Não sem, ao longo do caminho, nos contar sobre o índice WInkler, a montanha que se ergueu do mar, como a safra de 1998 foi tão molhada como 2016 mas na primeira perderam tudo e na segunda tiveram a maior quantidade de vinhos premiados da história, da importância do vento Zonda na formação do terroir mendocino – e teve até conselho: “Que nunca os agarre vento Zonda bajando en avión. Nos es divertido!”. Histórias deliciosas que vou compartilhando por aí.
Degustação Vertical: Mundus Bacillus Terrae 2016 e 2020
- Catena Zapata Adrianna Mundus Bacillus Terrae 2016 e 2020
Uma degustação vertical de um dos mais icônicos vinhos da bodega Catena.
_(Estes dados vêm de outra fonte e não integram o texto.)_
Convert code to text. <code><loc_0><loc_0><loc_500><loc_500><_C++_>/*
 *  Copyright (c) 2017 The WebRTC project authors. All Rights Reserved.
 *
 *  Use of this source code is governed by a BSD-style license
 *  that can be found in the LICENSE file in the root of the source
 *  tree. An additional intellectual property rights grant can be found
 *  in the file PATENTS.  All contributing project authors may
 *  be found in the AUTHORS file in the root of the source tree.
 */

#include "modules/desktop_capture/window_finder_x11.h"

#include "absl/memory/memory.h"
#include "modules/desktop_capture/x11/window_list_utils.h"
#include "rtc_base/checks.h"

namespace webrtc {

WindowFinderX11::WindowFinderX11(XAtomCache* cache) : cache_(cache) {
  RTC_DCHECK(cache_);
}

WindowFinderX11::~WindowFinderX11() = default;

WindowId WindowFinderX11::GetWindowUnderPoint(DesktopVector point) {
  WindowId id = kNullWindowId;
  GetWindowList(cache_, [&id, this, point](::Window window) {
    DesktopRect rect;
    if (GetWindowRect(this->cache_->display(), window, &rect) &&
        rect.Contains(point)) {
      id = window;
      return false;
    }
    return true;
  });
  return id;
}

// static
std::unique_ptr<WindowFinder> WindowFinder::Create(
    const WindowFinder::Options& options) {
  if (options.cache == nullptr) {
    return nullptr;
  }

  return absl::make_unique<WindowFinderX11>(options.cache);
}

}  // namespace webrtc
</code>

O nome curioso e que se traduz como “micróbios elegantes da terra” reflete uma das linhas de pesquisa do Catena Institute que (me parece) inspira mais carinho entre o pessoal por lá: o estudo do micro-mundo que povoa os vinhedos. Nesse caso, uma pequena parcela do cultuado vinhedo Adrianna especialmente rica em rizobactérias – microrganismos que vivem próximos às raízes e auxiliam a fixação de nutrientes e água pelas videiras (lembrando que água é um recurso limitadíssimo em Mendoza).
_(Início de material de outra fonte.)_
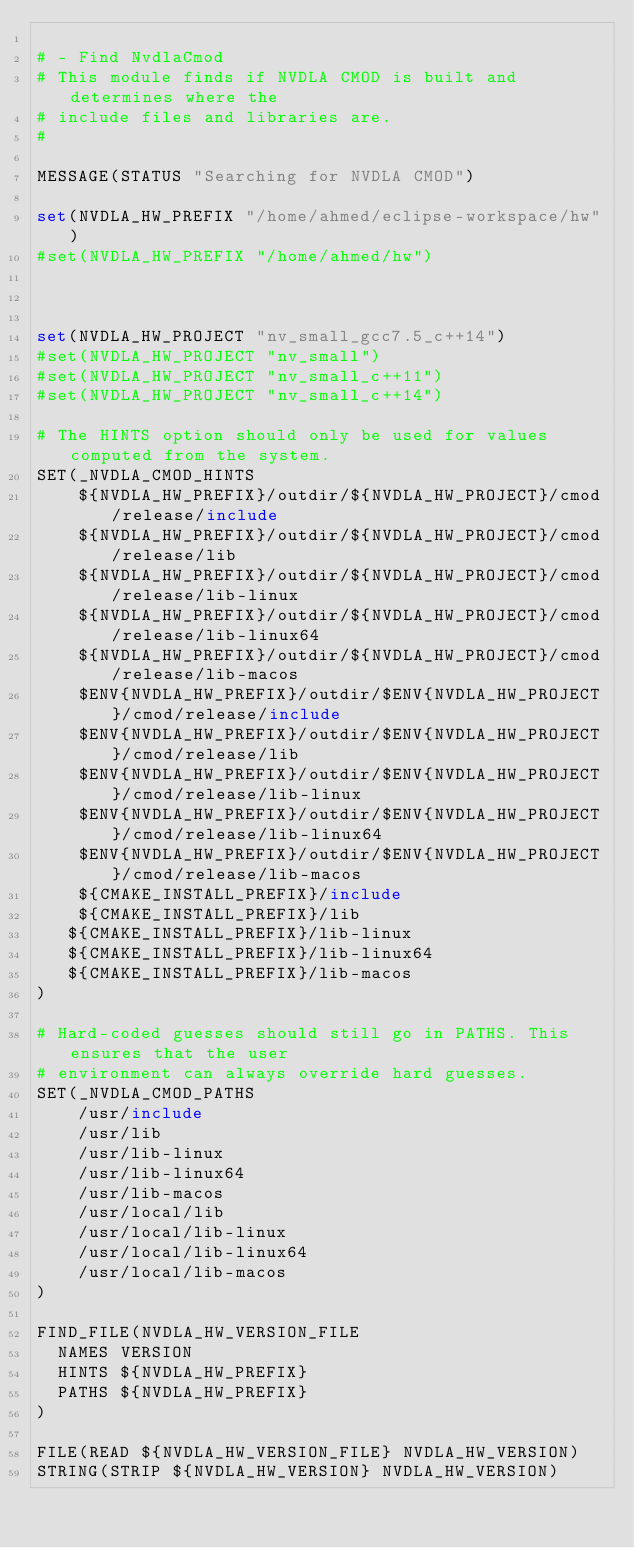<code> <loc_0><loc_0><loc_500><loc_500><_CMake_>
# - Find NvdlaCmod
# This module finds if NVDLA CMOD is built and determines where the
# include files and libraries are.
#

MESSAGE(STATUS "Searching for NVDLA CMOD")

set(NVDLA_HW_PREFIX "/home/ahmed/eclipse-workspace/hw")
#set(NVDLA_HW_PREFIX "/home/ahmed/hw")



set(NVDLA_HW_PROJECT "nv_small_gcc7.5_c++14")
#set(NVDLA_HW_PROJECT "nv_small")
#set(NVDLA_HW_PROJECT "nv_small_c++11")
#set(NVDLA_HW_PROJECT "nv_small_c++14")

# The HINTS option should only be used for values computed from the system.
SET(_NVDLA_CMOD_HINTS
    ${NVDLA_HW_PREFIX}/outdir/${NVDLA_HW_PROJECT}/cmod/release/include
    ${NVDLA_HW_PREFIX}/outdir/${NVDLA_HW_PROJECT}/cmod/release/lib
    ${NVDLA_HW_PREFIX}/outdir/${NVDLA_HW_PROJECT}/cmod/release/lib-linux
    ${NVDLA_HW_PREFIX}/outdir/${NVDLA_HW_PROJECT}/cmod/release/lib-linux64
    ${NVDLA_HW_PREFIX}/outdir/${NVDLA_HW_PROJECT}/cmod/release/lib-macos
    $ENV{NVDLA_HW_PREFIX}/outdir/$ENV{NVDLA_HW_PROJECT}/cmod/release/include
    $ENV{NVDLA_HW_PREFIX}/outdir/$ENV{NVDLA_HW_PROJECT}/cmod/release/lib
    $ENV{NVDLA_HW_PREFIX}/outdir/$ENV{NVDLA_HW_PROJECT}/cmod/release/lib-linux
    $ENV{NVDLA_HW_PREFIX}/outdir/$ENV{NVDLA_HW_PROJECT}/cmod/release/lib-linux64
    $ENV{NVDLA_HW_PREFIX}/outdir/$ENV{NVDLA_HW_PROJECT}/cmod/release/lib-macos
    ${CMAKE_INSTALL_PREFIX}/include
    ${CMAKE_INSTALL_PREFIX}/lib
   ${CMAKE_INSTALL_PREFIX}/lib-linux
   ${CMAKE_INSTALL_PREFIX}/lib-linux64
   ${CMAKE_INSTALL_PREFIX}/lib-macos
)

# Hard-coded guesses should still go in PATHS. This ensures that the user
# environment can always override hard guesses.
SET(_NVDLA_CMOD_PATHS
    /usr/include
    /usr/lib
    /usr/lib-linux
    /usr/lib-linux64
    /usr/lib-macos
    /usr/local/lib
    /usr/local/lib-linux
    /usr/local/lib-linux64
    /usr/local/lib-macos
)

FIND_FILE(NVDLA_HW_VERSION_FILE
  NAMES VERSION
  HINTS ${NVDLA_HW_PREFIX}
  PATHS ${NVDLA_HW_PREFIX}
)

FILE(READ ${NVDLA_HW_VERSION_FILE} NVDLA_HW_VERSION)
STRING(STRIP ${NVDLA_HW_VERSION} NVDLA_HW_VERSION)</code>

A safra 2016 nesse pequeno pedaço de terra foi mais fria – Winkler 2 – o que se traduziu num Mabec elegante e profundo. Um vinho de relfexão. No site de vendas da loja Mistral, sua importadora exclusiva, o Mundus Bacillus 2016 tem menor pontuação e preço mais baixo que as outras safras.
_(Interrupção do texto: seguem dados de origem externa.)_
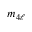Convert formula to latex. <formula><loc_0><loc_0><loc_500><loc_500>m _ { 4 \ell }</formula> 
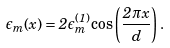<formula> <loc_0><loc_0><loc_500><loc_500>\epsilon _ { m } ( x ) = 2 \epsilon _ { m } ^ { ( 1 ) } \cos \left ( \frac { 2 \pi x } { d } \right ) .</formula> 
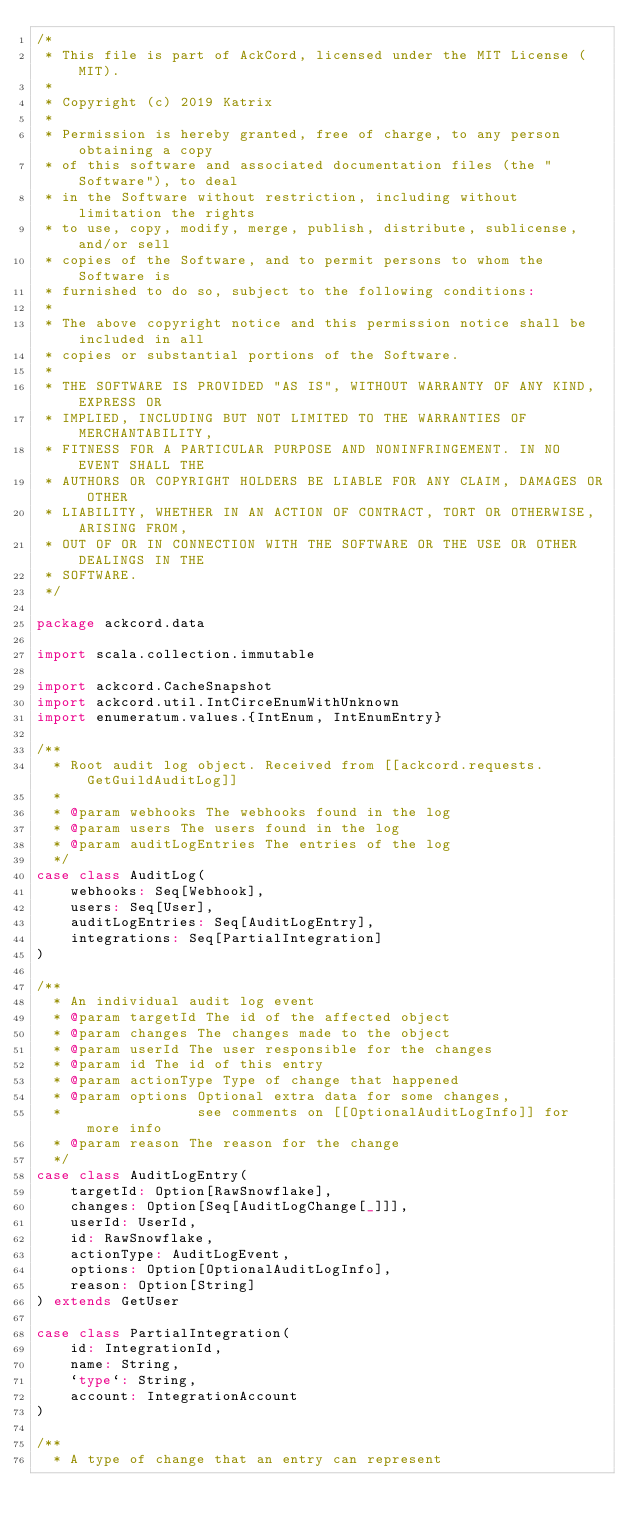Convert code to text. <code><loc_0><loc_0><loc_500><loc_500><_Scala_>/*
 * This file is part of AckCord, licensed under the MIT License (MIT).
 *
 * Copyright (c) 2019 Katrix
 *
 * Permission is hereby granted, free of charge, to any person obtaining a copy
 * of this software and associated documentation files (the "Software"), to deal
 * in the Software without restriction, including without limitation the rights
 * to use, copy, modify, merge, publish, distribute, sublicense, and/or sell
 * copies of the Software, and to permit persons to whom the Software is
 * furnished to do so, subject to the following conditions:
 *
 * The above copyright notice and this permission notice shall be included in all
 * copies or substantial portions of the Software.
 *
 * THE SOFTWARE IS PROVIDED "AS IS", WITHOUT WARRANTY OF ANY KIND, EXPRESS OR
 * IMPLIED, INCLUDING BUT NOT LIMITED TO THE WARRANTIES OF MERCHANTABILITY,
 * FITNESS FOR A PARTICULAR PURPOSE AND NONINFRINGEMENT. IN NO EVENT SHALL THE
 * AUTHORS OR COPYRIGHT HOLDERS BE LIABLE FOR ANY CLAIM, DAMAGES OR OTHER
 * LIABILITY, WHETHER IN AN ACTION OF CONTRACT, TORT OR OTHERWISE, ARISING FROM,
 * OUT OF OR IN CONNECTION WITH THE SOFTWARE OR THE USE OR OTHER DEALINGS IN THE
 * SOFTWARE.
 */

package ackcord.data

import scala.collection.immutable

import ackcord.CacheSnapshot
import ackcord.util.IntCirceEnumWithUnknown
import enumeratum.values.{IntEnum, IntEnumEntry}

/**
  * Root audit log object. Received from [[ackcord.requests.GetGuildAuditLog]]
  *
  * @param webhooks The webhooks found in the log
  * @param users The users found in the log
  * @param auditLogEntries The entries of the log
  */
case class AuditLog(
    webhooks: Seq[Webhook],
    users: Seq[User],
    auditLogEntries: Seq[AuditLogEntry],
    integrations: Seq[PartialIntegration]
)

/**
  * An individual audit log event
  * @param targetId The id of the affected object
  * @param changes The changes made to the object
  * @param userId The user responsible for the changes
  * @param id The id of this entry
  * @param actionType Type of change that happened
  * @param options Optional extra data for some changes,
  *                see comments on [[OptionalAuditLogInfo]] for more info
  * @param reason The reason for the change
  */
case class AuditLogEntry(
    targetId: Option[RawSnowflake],
    changes: Option[Seq[AuditLogChange[_]]],
    userId: UserId,
    id: RawSnowflake,
    actionType: AuditLogEvent,
    options: Option[OptionalAuditLogInfo],
    reason: Option[String]
) extends GetUser

case class PartialIntegration(
    id: IntegrationId,
    name: String,
    `type`: String,
    account: IntegrationAccount
)

/**
  * A type of change that an entry can represent</code>

Degustação Horizontal: Fortuna Terrae x River x Nicasia
- Degustação horizontal: Catena Zapata Adrianna Fortuna Terrae 2020 e Catena Zapata Adrianna Vineyard River 2020
Uma aula de terroir. De novo! O solo no Fortuna Terrae é profundo e argiloso, com uma camada final de calcário. Já o vinhedo Catena Zapata Adrianna Vineyard River é pedra pura. Seixos rolados cobertos por calcário. Como resultado temos um vinho mais macio, redondo e “adocicado” versus um vinho mais austero e mineral. Ambos, claro, com a elegância típica dos Malbec de alta gama da Catena. Fortuna foi meu preferido do flight – e também da maioria de meus colegas, como averiguei numa rápida pesquisa informal.
- As Bravas 2016
Esse um “bicho” completamente diferente. A começar pela pitada de uva branca (5% de Semillón) no blend. Os vinhedos ficam em Pampa El Cepillo – uma fração de solos coluviais (formados pela deposição trazido pelo vento e que compõe apenas 5% dos solos em Mendoza, onde 90% dos solos são aluviais) a 1.300m de altitude. A safra é a famosa 2016: fria e aguacenta que resultou numa enxurrada de premiações dos vinhos de altitude).
O nome, uma homenagem brincalhona à mulherada arretada. Tem frutas vermelhas frescas no nariz, uma acidez cortante e fruta mais madura e adocicada na boca. Longo e profundo.
- Catena Zapata Nicasia 2021
Já o vinhedo Nicásia fica em Altamira, um solo raso e pedregoso formado por depósitos aluvionais glaciares. A excelente drenagem leva à concentração das uvas, produzindo um vinho denso e complexo. Um Malbec como todos nós amamos, mas já com a elegância da modernidade e leves 3.5% de álcool.